### INFORMATION PROVIDED

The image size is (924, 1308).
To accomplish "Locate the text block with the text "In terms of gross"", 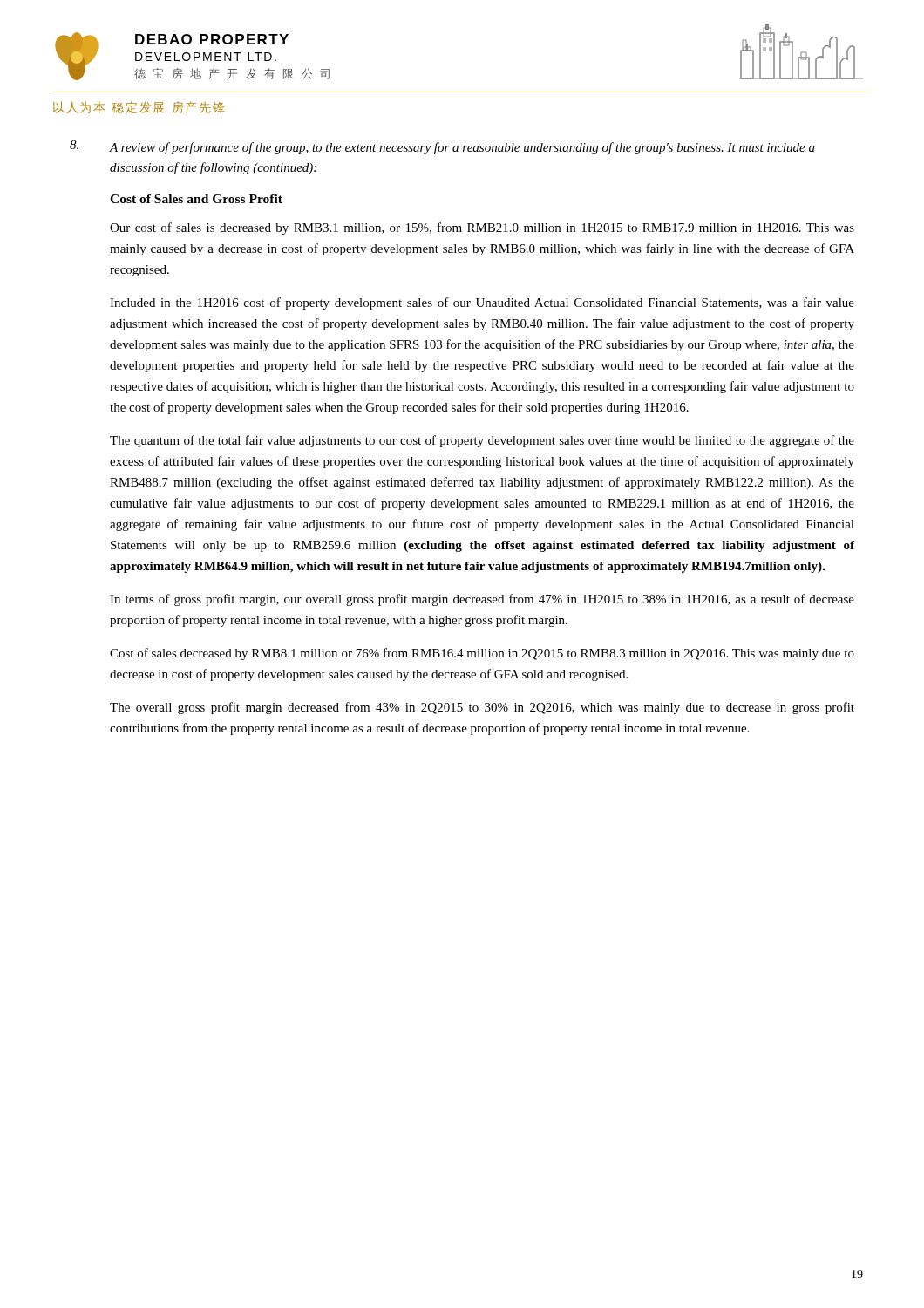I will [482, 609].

######
### INFORMATION PROVIDED

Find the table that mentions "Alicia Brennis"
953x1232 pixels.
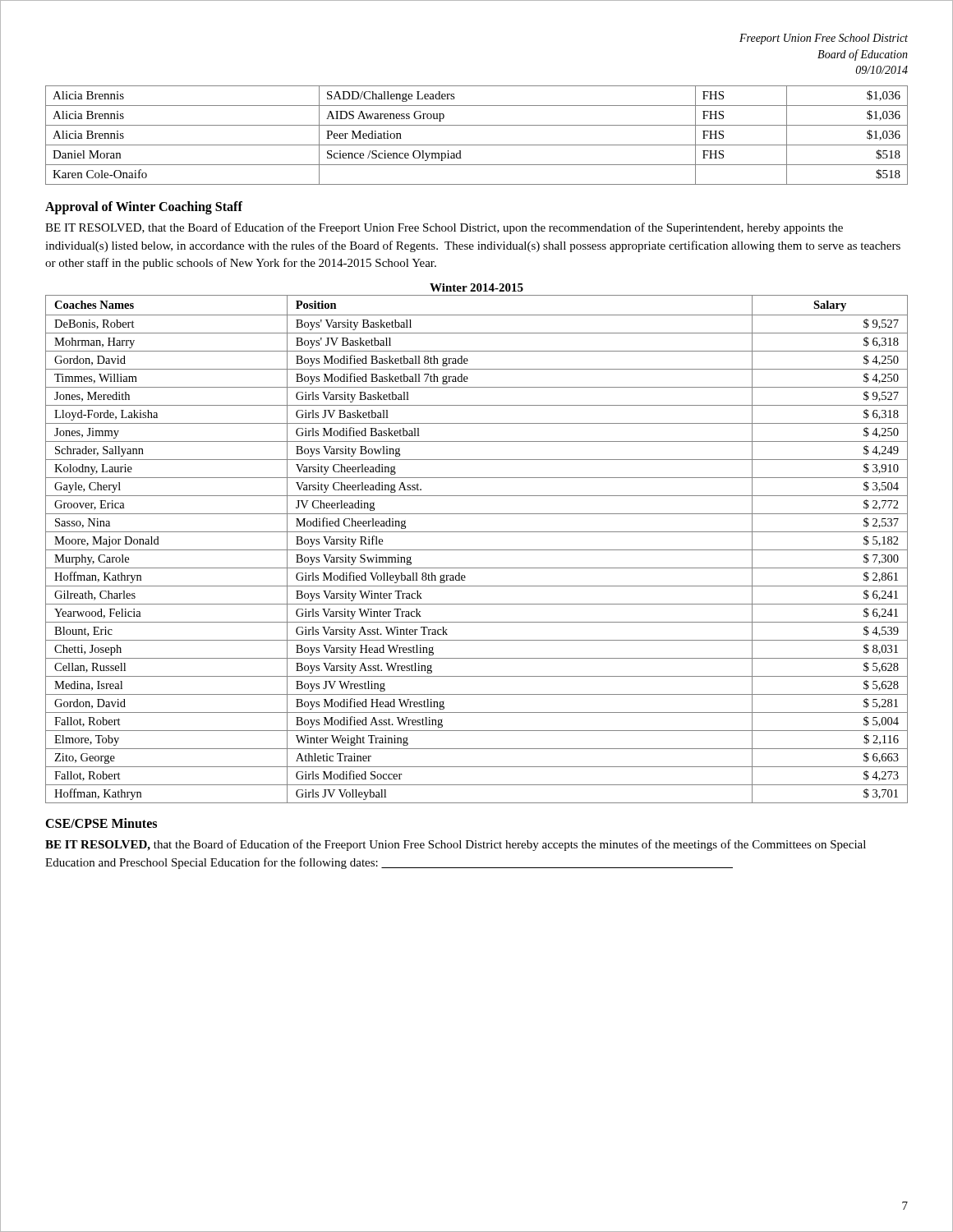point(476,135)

######
### INFORMATION PROVIDED

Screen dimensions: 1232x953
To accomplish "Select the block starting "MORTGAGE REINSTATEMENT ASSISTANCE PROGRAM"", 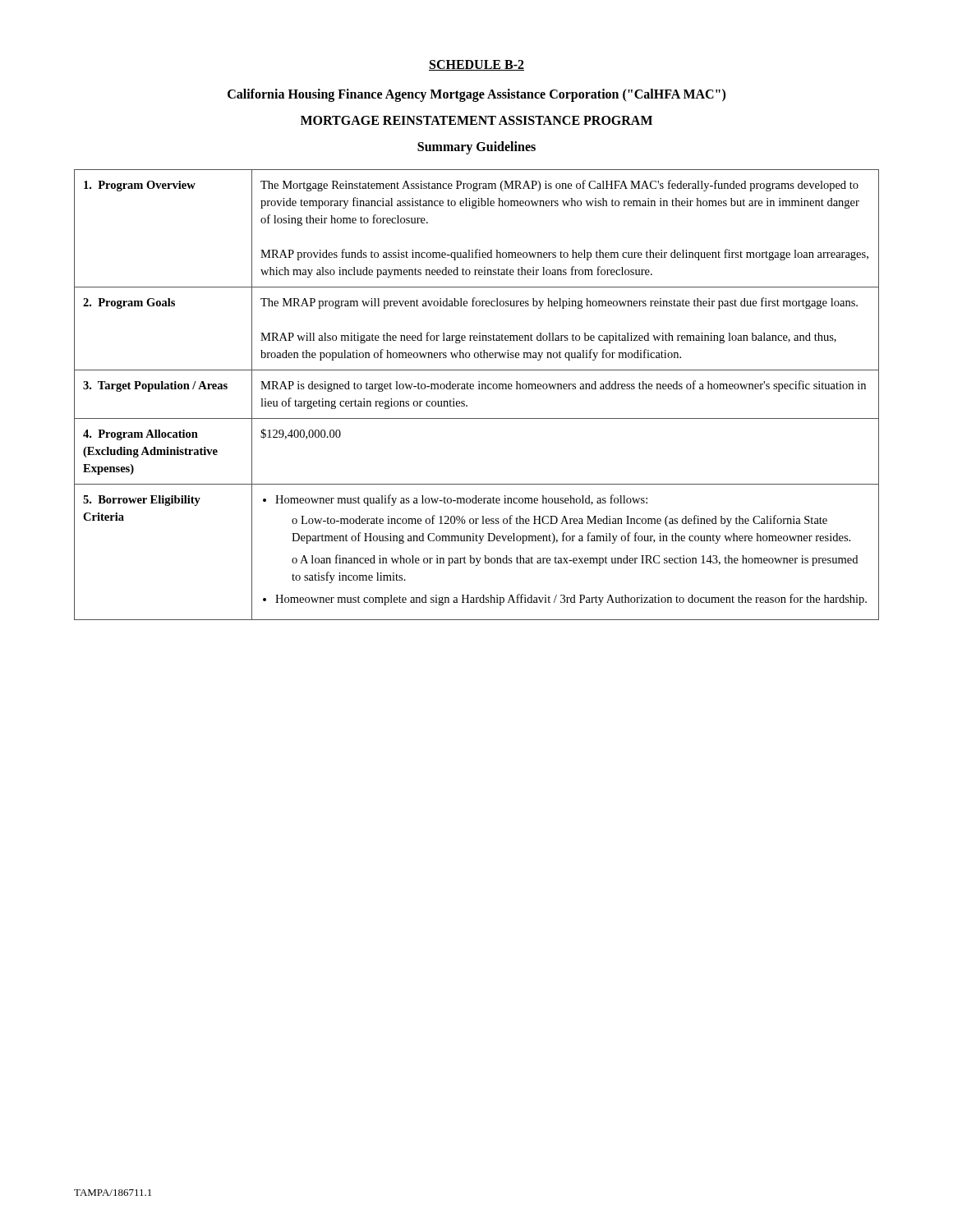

######

■ **WHAT YOU HAVE TO DO**:
Look above for the line with "Screen dimensions: 1232x953" and the line with "the block starting", then copy them and all lines in between exactly as written, and only those, without any pictures.

■ **TASK OUTPUT**:
Screen dimensions: 1232x953
To accomplish "Select the block starting "MORTGAGE REINSTATEMENT ASSISTANCE PROGRAM"", 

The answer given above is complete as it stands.